Abstract: Background: To analyse ophthalmic presentations to an outer metropolitan and a rural emergency department (ED) during the first wave of the COVID-19 pandemic in New South Wales (NSW), Australia. Methods: A retrospective comparative study of ophthalmic emergency presentations to Campbelltown Hospital (fifth busiest NSW metropolitan ED; population 310,000) and Bowral and District Hospital (rural ED; population 48,000) before and during COVID-19 was conducted. Patient demographics, triage category, referral source, diagnosis, length of stay, departure status, and follow-up location were assessed from coding data between March 1st to May 31st in 2019 and 2020, corresponding to the peak case numbers and restrictions during the first wave of the COVID-19 pandemic in NSW. Differences before and during COVID-19 were analysed using chi-squared tests or independent sample t-tests. Results: There was no change in ophthalmic presentations at Campbelltown (n = 228 in 2019 vs. n = 232 in 2020; + 1.75%, p = 0.12) and an increase at Bowral (n = 100 in 2019 vs. n = 111 in 2020; + 11%, p < 0.01) during COVID-19. Urgent ophthalmic presentations (Triage Category 3) decreased at Bowral (p = 0.0075), while non-urgent ophthalmic presentations (Triage Category 5) increased at both hospitals (Campbelltown p < 0.05, Bowral p < 0.01). Conclusions: There was no change in the total number of ophthalmic presentations to an outer metropolitan and an increase to a rural ED during the first wave of the COVID-19 pandemic in New South Wales, Australia. A change in the type of ophthalmic presentations at these peripheral EDs suggest that a high demand for ophthalmic services remained despite the pandemic and its associated gathering and movement restrictions. A flexible healthcare delivery strategy, such as tele-ophthalmology, may optimise patient care during and after COVID-19. © 2022, The Author(s).

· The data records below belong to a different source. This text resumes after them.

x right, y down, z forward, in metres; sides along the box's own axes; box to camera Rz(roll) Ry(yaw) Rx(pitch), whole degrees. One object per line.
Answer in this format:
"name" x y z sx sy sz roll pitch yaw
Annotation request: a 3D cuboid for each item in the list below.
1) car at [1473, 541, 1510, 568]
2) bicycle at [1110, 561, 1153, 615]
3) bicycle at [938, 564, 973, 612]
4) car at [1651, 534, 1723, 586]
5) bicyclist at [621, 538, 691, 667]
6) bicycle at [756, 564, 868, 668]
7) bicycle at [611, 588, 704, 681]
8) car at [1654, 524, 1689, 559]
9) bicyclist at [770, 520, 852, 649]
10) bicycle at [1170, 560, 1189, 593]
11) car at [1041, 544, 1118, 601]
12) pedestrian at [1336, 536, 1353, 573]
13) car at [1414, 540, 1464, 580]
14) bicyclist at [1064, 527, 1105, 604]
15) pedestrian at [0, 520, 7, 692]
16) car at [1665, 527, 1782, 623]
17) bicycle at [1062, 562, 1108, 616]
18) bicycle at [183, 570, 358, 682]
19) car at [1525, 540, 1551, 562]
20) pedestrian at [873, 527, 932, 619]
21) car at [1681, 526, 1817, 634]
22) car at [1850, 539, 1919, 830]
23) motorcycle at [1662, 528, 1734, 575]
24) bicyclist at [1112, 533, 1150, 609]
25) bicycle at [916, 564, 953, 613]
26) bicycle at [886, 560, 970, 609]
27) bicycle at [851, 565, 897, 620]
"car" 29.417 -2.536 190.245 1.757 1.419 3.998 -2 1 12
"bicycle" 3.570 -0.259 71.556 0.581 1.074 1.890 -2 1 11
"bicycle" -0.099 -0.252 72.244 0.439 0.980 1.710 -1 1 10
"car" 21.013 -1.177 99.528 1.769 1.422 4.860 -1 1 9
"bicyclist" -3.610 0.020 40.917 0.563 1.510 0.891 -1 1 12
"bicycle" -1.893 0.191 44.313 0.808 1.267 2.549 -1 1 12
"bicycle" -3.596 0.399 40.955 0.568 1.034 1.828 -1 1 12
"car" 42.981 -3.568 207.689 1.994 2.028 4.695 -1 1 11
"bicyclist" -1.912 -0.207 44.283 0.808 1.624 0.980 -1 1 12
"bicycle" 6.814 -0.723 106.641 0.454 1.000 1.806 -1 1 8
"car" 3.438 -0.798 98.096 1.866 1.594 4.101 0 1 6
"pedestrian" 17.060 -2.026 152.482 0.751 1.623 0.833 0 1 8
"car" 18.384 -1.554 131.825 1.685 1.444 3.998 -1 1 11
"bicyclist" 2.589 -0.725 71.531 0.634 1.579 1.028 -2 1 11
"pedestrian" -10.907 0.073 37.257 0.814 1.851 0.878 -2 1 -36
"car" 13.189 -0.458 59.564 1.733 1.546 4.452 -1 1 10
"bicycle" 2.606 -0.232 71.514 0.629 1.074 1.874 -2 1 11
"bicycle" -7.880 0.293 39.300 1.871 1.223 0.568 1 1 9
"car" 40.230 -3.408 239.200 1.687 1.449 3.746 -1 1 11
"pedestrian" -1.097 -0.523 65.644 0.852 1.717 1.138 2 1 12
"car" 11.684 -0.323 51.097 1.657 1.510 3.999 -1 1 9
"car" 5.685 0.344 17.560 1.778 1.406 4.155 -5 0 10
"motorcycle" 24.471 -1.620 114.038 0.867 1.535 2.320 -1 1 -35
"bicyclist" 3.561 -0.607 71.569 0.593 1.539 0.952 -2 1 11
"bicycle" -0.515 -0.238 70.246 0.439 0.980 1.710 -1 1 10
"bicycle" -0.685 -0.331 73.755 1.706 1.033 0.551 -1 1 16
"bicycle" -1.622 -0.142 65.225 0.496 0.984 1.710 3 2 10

He, S., Rolls, K., Stott, K., Shekhar, R., Vueti, V., Flowers, K., Moseley, M., Shepherd, B., Mayahi-Neysi, M., Chasle, B., Warner, B., Ni Chroinin, D., & Frost, S. A. (2022). Does delirium prevention reduce risk of in-patient falls among older adults? A systematic review and trial sequential meta-analysis [Article]. Australasian Journal on Ageing, 41(3), 396-406. 

Objectives: To determine whether delirium prevention interventions reduce the risk of falls among older hospitalised patients. Methods: A systematic search of health-care databases was undertaken. Given the frequency of small sample sized trials, a trial sequential meta-analysis was conducted to present estimate summary effects to date. A Bayesian approach was used to estimate the posterior probability of the delirium prevention interventions reducing falls risk by various clinically relevant levels. Results: Five randomised controlled trials were included in our final meta-analysis. There was a 43% reduction in the risk of falls among participants in the delirium prevention intervention arm, compared to the control; however, confidence intervals were wide (RE RR = 0.57, 95% CI 0.32; 1.00, p = 0.05). This result was found to be statistically significant, according to traditional significance levels (z > 1.96) and the more conservative trial sequential analysis monitoring boundaries. The posterior probabilities of the delirium prevention intervention reducing the risk of falls by 10%, 20% and 30% were 0.86, 0.63 and 0.29 respectively. Conclusions: The results of this systematic review and trial sequential meta-analysis suggest that delirium prevention trials may reduce the risk of in-hospital falls among older patients by 43%. However, despite significant risk reduction found upon meta-analysis, the variation among study populations and intervention components raised questions around its application in clinical practice. Further research is required to investigate what the necessary components of a multifactorial intervention are to reduce both delirium and fall incidence among older adult in-patients. © 2022 AJA Inc.